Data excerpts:
+--
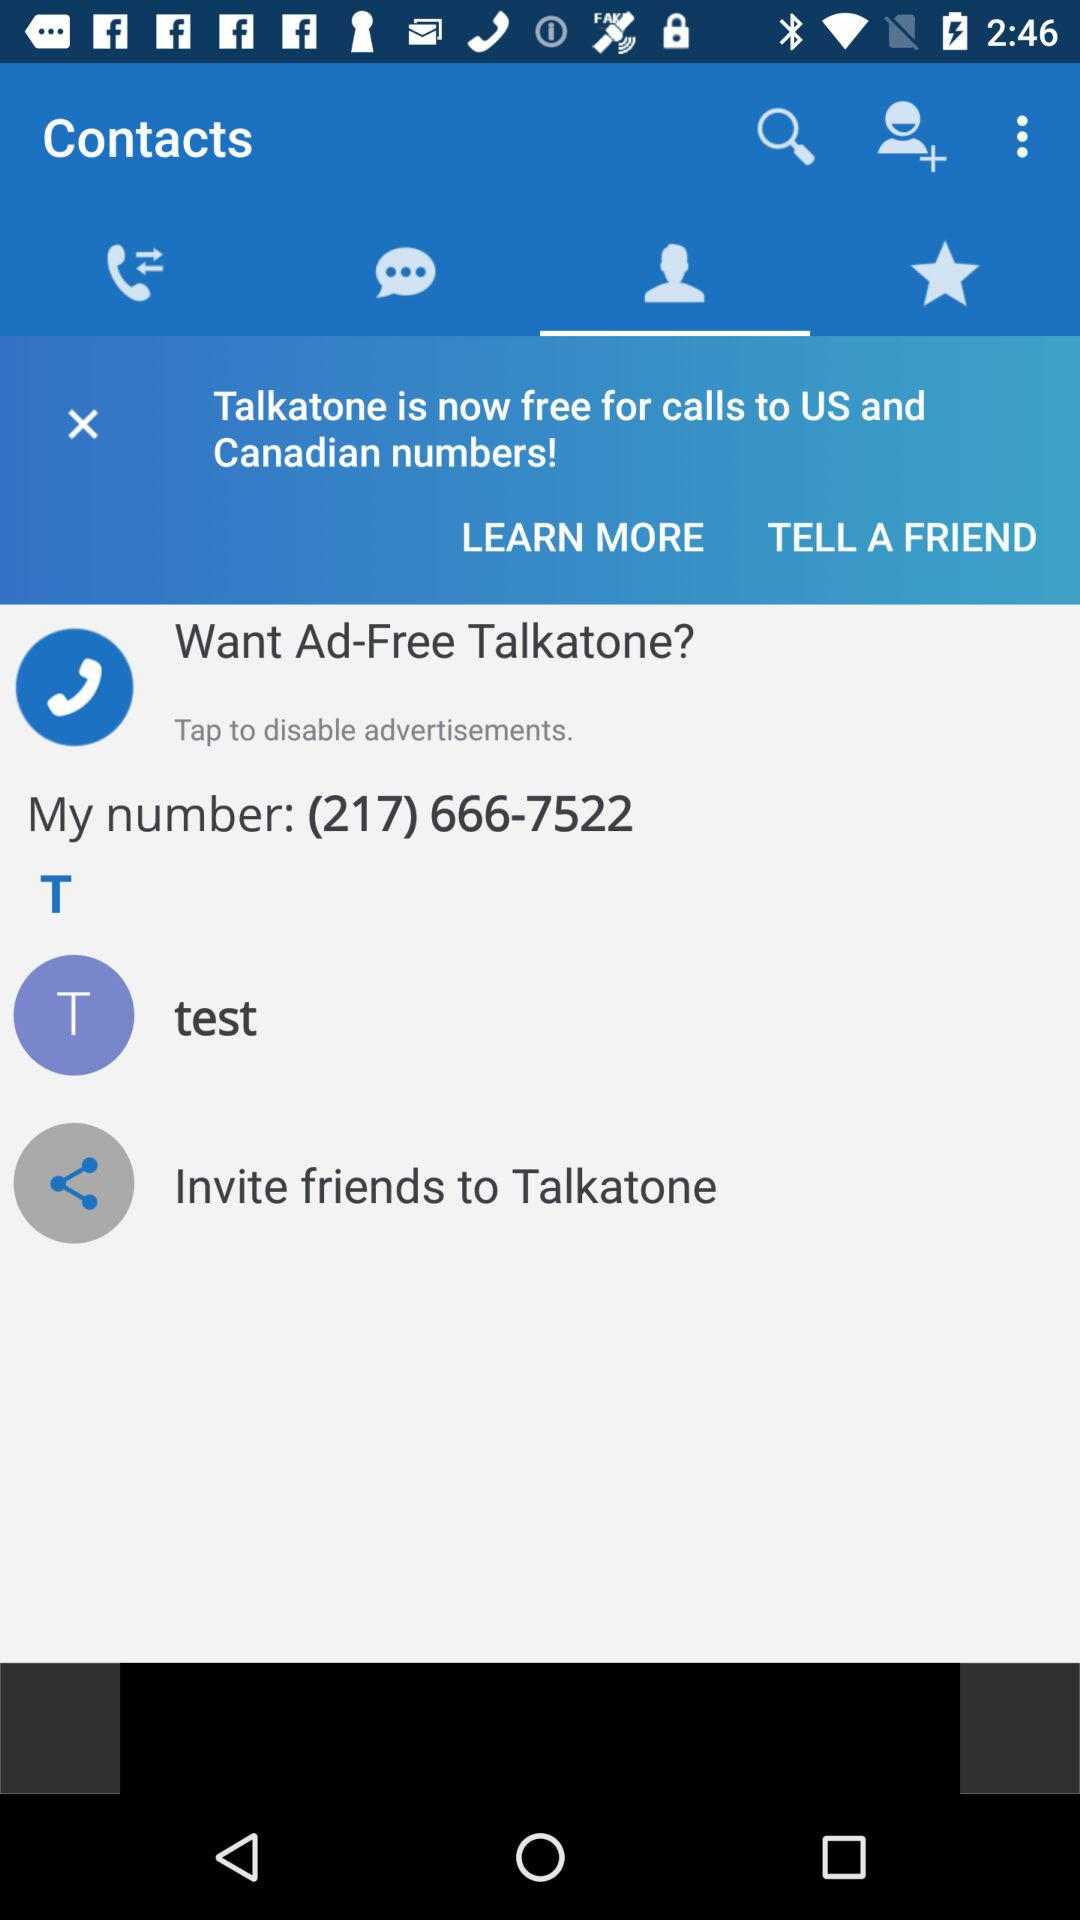What's the user number? The user number is (217) 666-7522. 
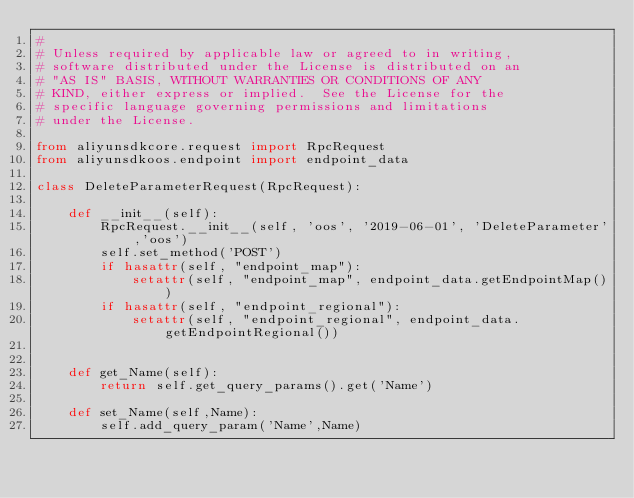<code> <loc_0><loc_0><loc_500><loc_500><_Python_>#
# Unless required by applicable law or agreed to in writing,
# software distributed under the License is distributed on an
# "AS IS" BASIS, WITHOUT WARRANTIES OR CONDITIONS OF ANY
# KIND, either express or implied.  See the License for the
# specific language governing permissions and limitations
# under the License.

from aliyunsdkcore.request import RpcRequest
from aliyunsdkoos.endpoint import endpoint_data

class DeleteParameterRequest(RpcRequest):

	def __init__(self):
		RpcRequest.__init__(self, 'oos', '2019-06-01', 'DeleteParameter','oos')
		self.set_method('POST')
		if hasattr(self, "endpoint_map"):
			setattr(self, "endpoint_map", endpoint_data.getEndpointMap())
		if hasattr(self, "endpoint_regional"):
			setattr(self, "endpoint_regional", endpoint_data.getEndpointRegional())


	def get_Name(self):
		return self.get_query_params().get('Name')

	def set_Name(self,Name):
		self.add_query_param('Name',Name)</code> 
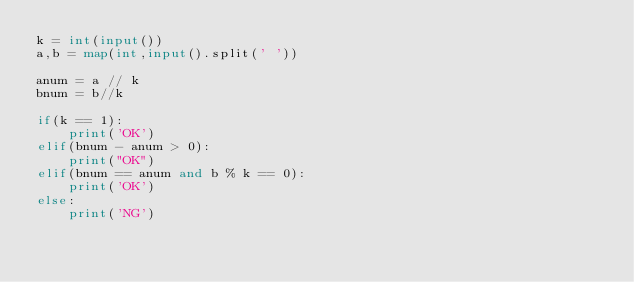Convert code to text. <code><loc_0><loc_0><loc_500><loc_500><_Python_>k = int(input()) 
a,b = map(int,input().split(' '))

anum = a // k
bnum = b//k

if(k == 1):
    print('OK')
elif(bnum - anum > 0):
    print("OK")
elif(bnum == anum and b % k == 0):
    print('OK')
else:
    print('NG')</code> 
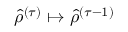Convert formula to latex. <formula><loc_0><loc_0><loc_500><loc_500>{ \hat { \rho } } ^ { ( \tau ) } \mapsto { \hat { \rho } } ^ { ( \tau - 1 ) }</formula>
+--
- _Problem to work on_
Only an exact copy of the lines from the one with "# Unless required" through the last line of the data above is wanted, and no pictures.

- _Response to the exercise_
# Unless required by applicable law or agreed to in writing,
# software distributed under the License is distributed on an
# "AS IS" BASIS, WITHOUT WARRANTIES OR CONDITIONS OF ANY
# KIND, either express or implied.  See the License for the
# specific language governing permissions and limitations
# under the License.

from aliyunsdkcore.request import RpcRequest
from aliyunsdkoos.endpoint import endpoint_data

class DeleteParameterRequest(RpcRequest):

	def __init__(self):
		RpcRequest.__init__(self, 'oos', '2019-06-01', 'DeleteParameter','oos')
		self.set_method('POST')
		if hasattr(self, "endpoint_map"):
			setattr(self, "endpoint_map", endpoint_data.getEndpointMap())
		if hasattr(self, "endpoint_regional"):
			setattr(self, "endpoint_regional", endpoint_data.getEndpointRegional())


	def get_Name(self):
		return self.get_query_params().get('Name')

	def set_Name(self,Name):
		self.add_query_param('Name',Name)</code> 
Convert code to text. <code><loc_0><loc_0><loc_500><loc_500><_Python_>k = int(input()) 
a,b = map(int,input().split(' '))

anum = a // k
bnum = b//k

if(k == 1):
    print('OK')
elif(bnum - anum > 0):
    print("OK")
elif(bnum == anum and b % k == 0):
    print('OK')
else:
    print('NG')</code> 
Convert formula to latex. <formula><loc_0><loc_0><loc_500><loc_500>{ \hat { \rho } } ^ { ( \tau ) } \mapsto { \hat { \rho } } ^ { ( \tau - 1 ) }</formula>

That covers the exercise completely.